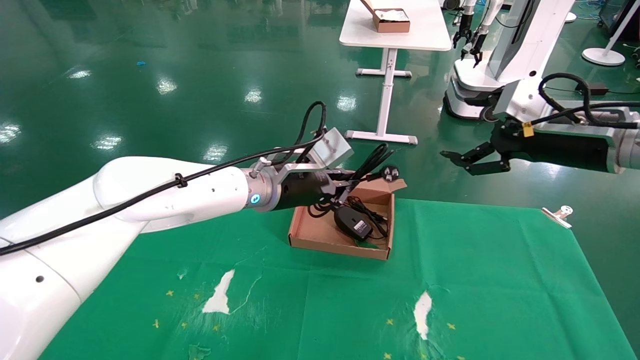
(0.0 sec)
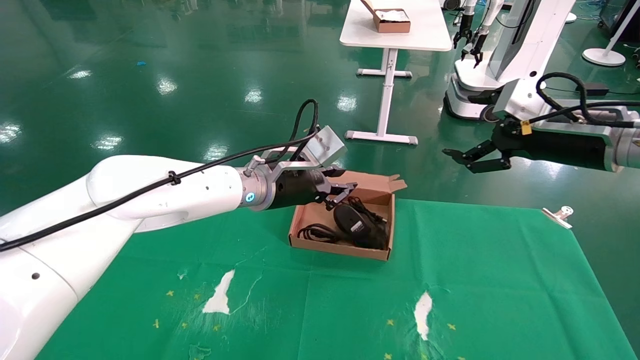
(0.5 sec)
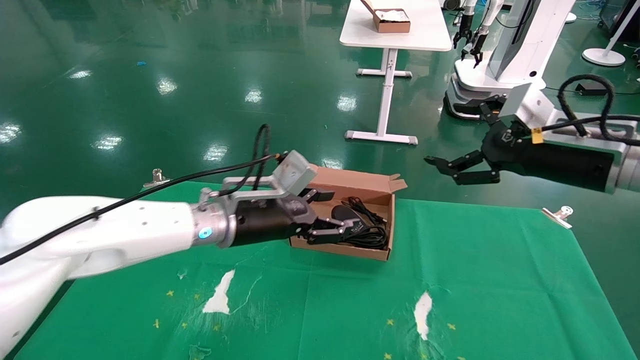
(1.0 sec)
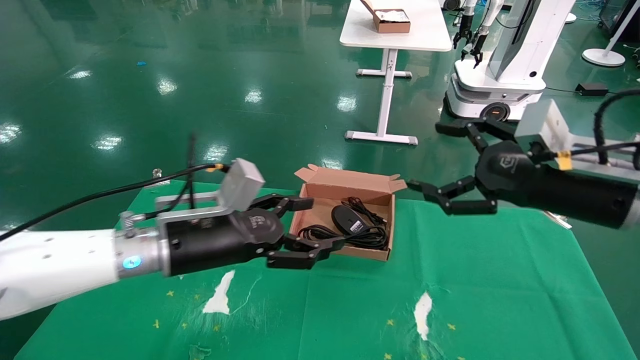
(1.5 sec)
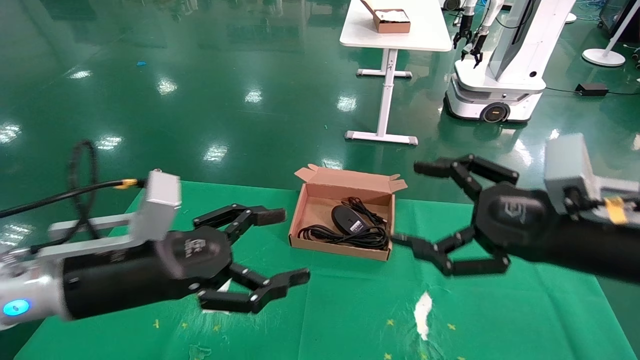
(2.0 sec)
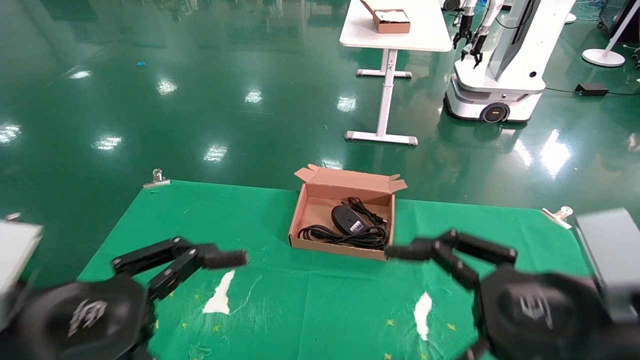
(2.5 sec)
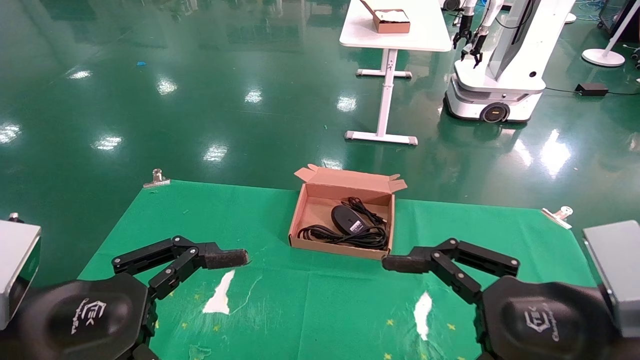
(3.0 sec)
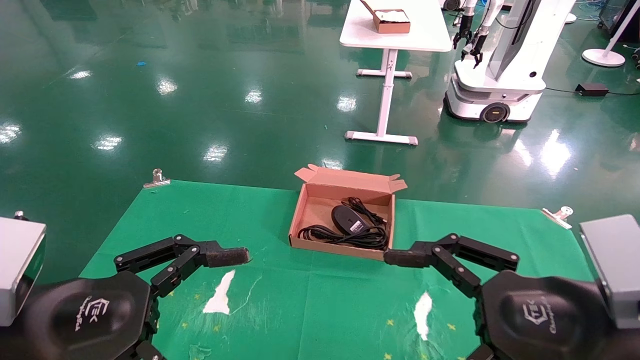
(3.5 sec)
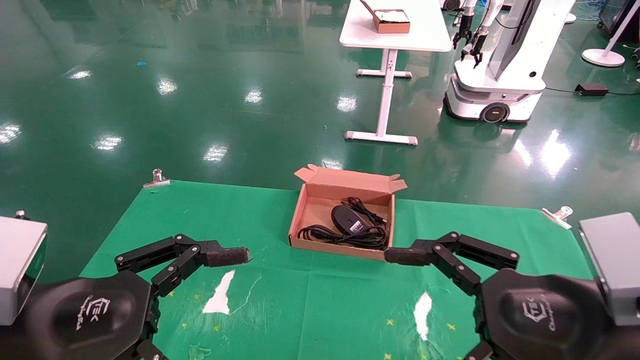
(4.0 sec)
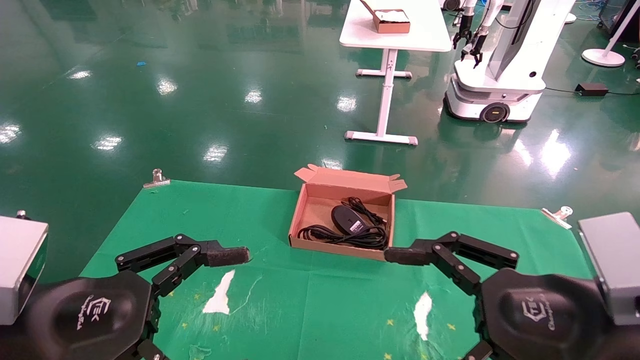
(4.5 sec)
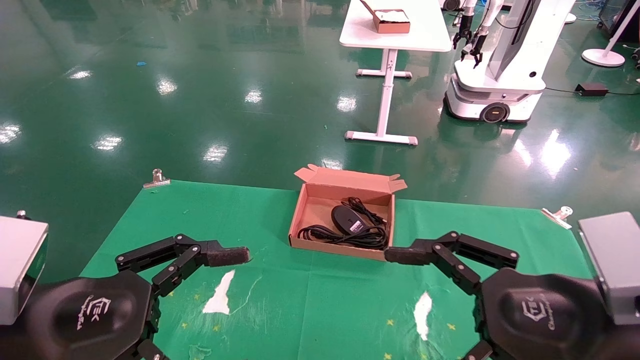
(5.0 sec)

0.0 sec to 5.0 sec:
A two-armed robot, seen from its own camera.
0.0 sec to 2.5 sec: The right gripper shifts some 25 cm backward, downward and to the left. Meanwhile the left gripper travels backward and to the left by roughly 30 cm, and opens up.
2.5 sec to 5.0 sec: There are only small adjustments of the grippers.
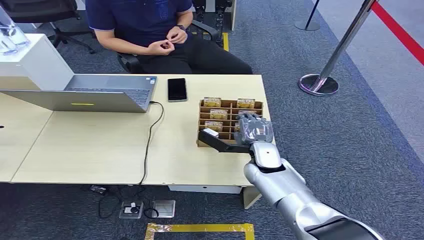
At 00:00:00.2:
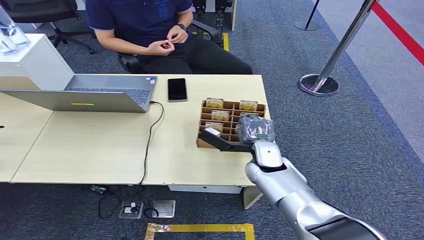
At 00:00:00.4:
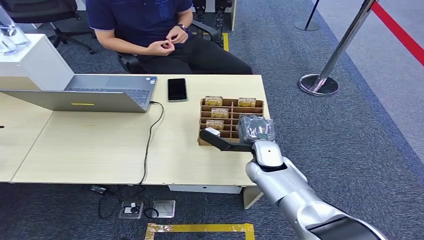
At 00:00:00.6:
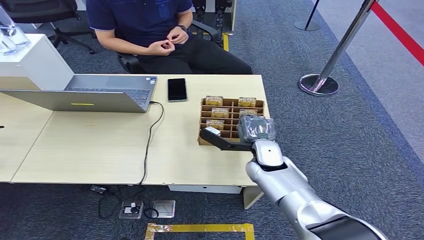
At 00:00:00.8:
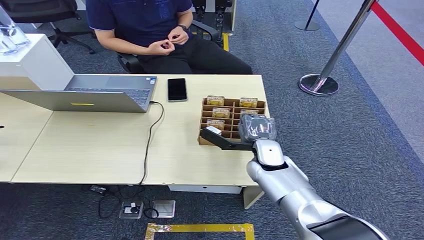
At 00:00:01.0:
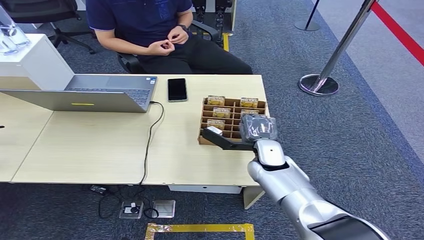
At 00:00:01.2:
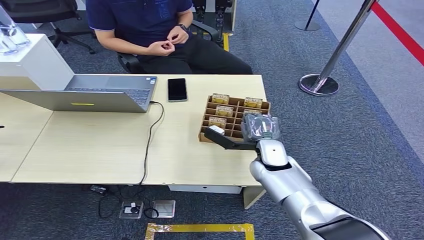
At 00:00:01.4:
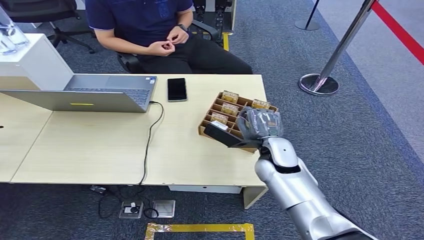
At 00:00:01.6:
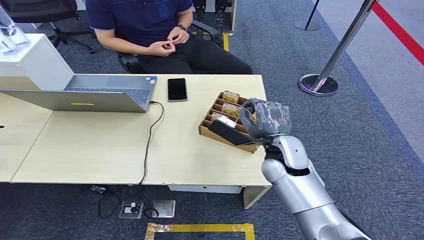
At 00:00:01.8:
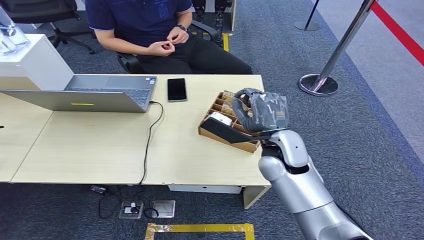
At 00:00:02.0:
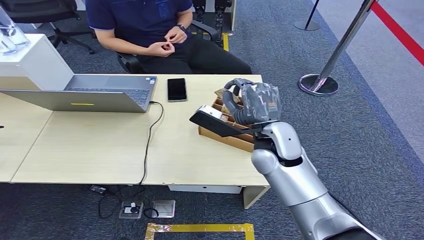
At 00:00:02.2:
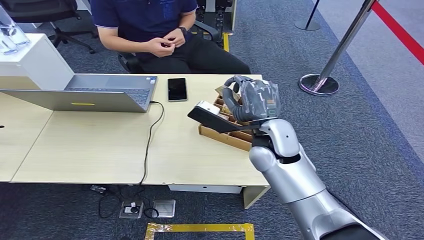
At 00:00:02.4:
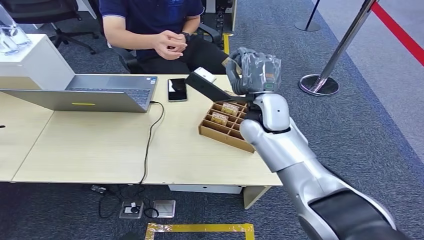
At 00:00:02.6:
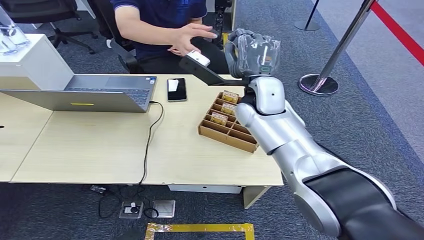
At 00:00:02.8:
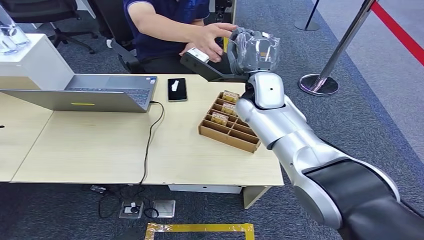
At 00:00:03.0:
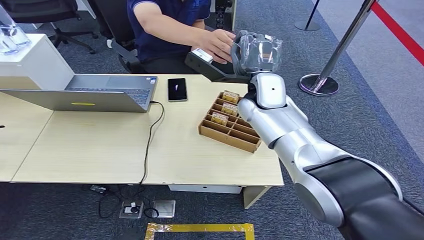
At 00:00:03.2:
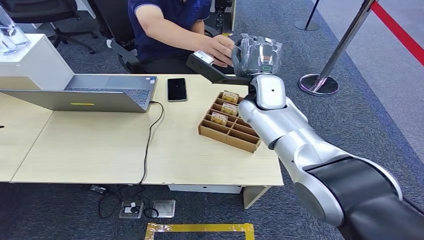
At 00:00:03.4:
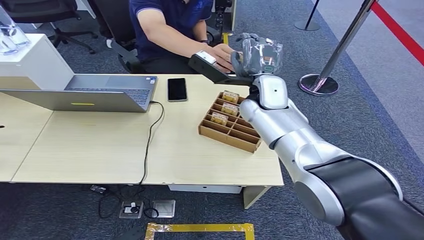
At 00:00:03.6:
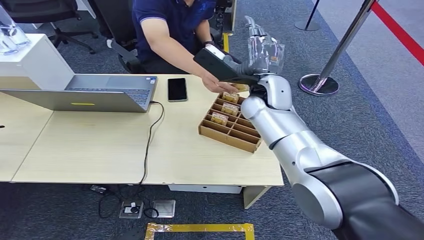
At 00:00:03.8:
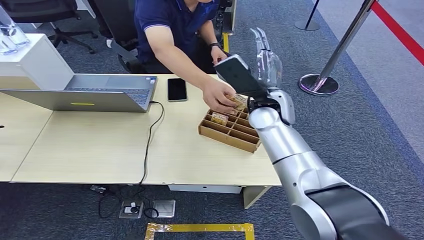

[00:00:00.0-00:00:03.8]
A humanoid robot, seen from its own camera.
Step, 00:00:00.0 to 00:00:02.2: Pick up the key card from the card box.
Step, 00:00:02.4 to 00:00:03.8: Hand the key card to the target.

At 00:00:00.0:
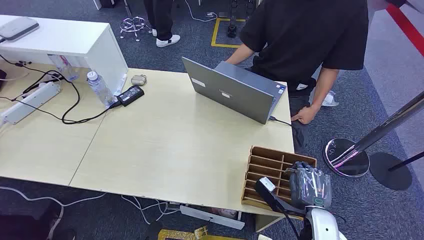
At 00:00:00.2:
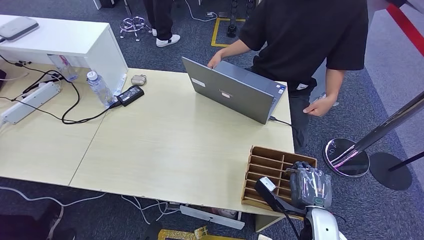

================================

Exercise objective: Before copying the data, remove the pictures. Then repeat the rest exactly.

Response to this exercise:
(0.0 sec)
(0.5 sec)
(1.0 sec)
(1.5 sec)
(2.0 sec)
(2.5 sec)
(3.0 sec)
(3.5 sec)
(4.0 sec)
(4.5 sec)
(5.0 sec)

0.0 sec to 5.0 sec:
A two-armed robot, seen from its own camera.
0.0 sec to 2.5 sec: The right gripper shifts some 25 cm backward, downward and to the left. Meanwhile the left gripper travels backward and to the left by roughly 30 cm, and opens up.
2.5 sec to 5.0 sec: There are only small adjustments of the grippers.
At 00:00:00.2:
At 00:00:00.4:
At 00:00:00.6:
At 00:00:00.8:
At 00:00:01.0:
At 00:00:01.2:
At 00:00:01.4:
At 00:00:01.6:
At 00:00:01.8:
At 00:00:02.0:
At 00:00:02.2:
At 00:00:02.4:
At 00:00:02.6:
At 00:00:02.8:
At 00:00:03.0:
At 00:00:03.2:
At 00:00:03.4:
At 00:00:03.6:
At 00:00:03.8:

[00:00:00.0-00:00:03.8]
A humanoid robot, seen from its own camera.
Step, 00:00:00.0 to 00:00:02.2: Pick up the key card from the card box.
Step, 00:00:02.4 to 00:00:03.8: Hand the key card to the target.

At 00:00:00.0:
At 00:00:00.2:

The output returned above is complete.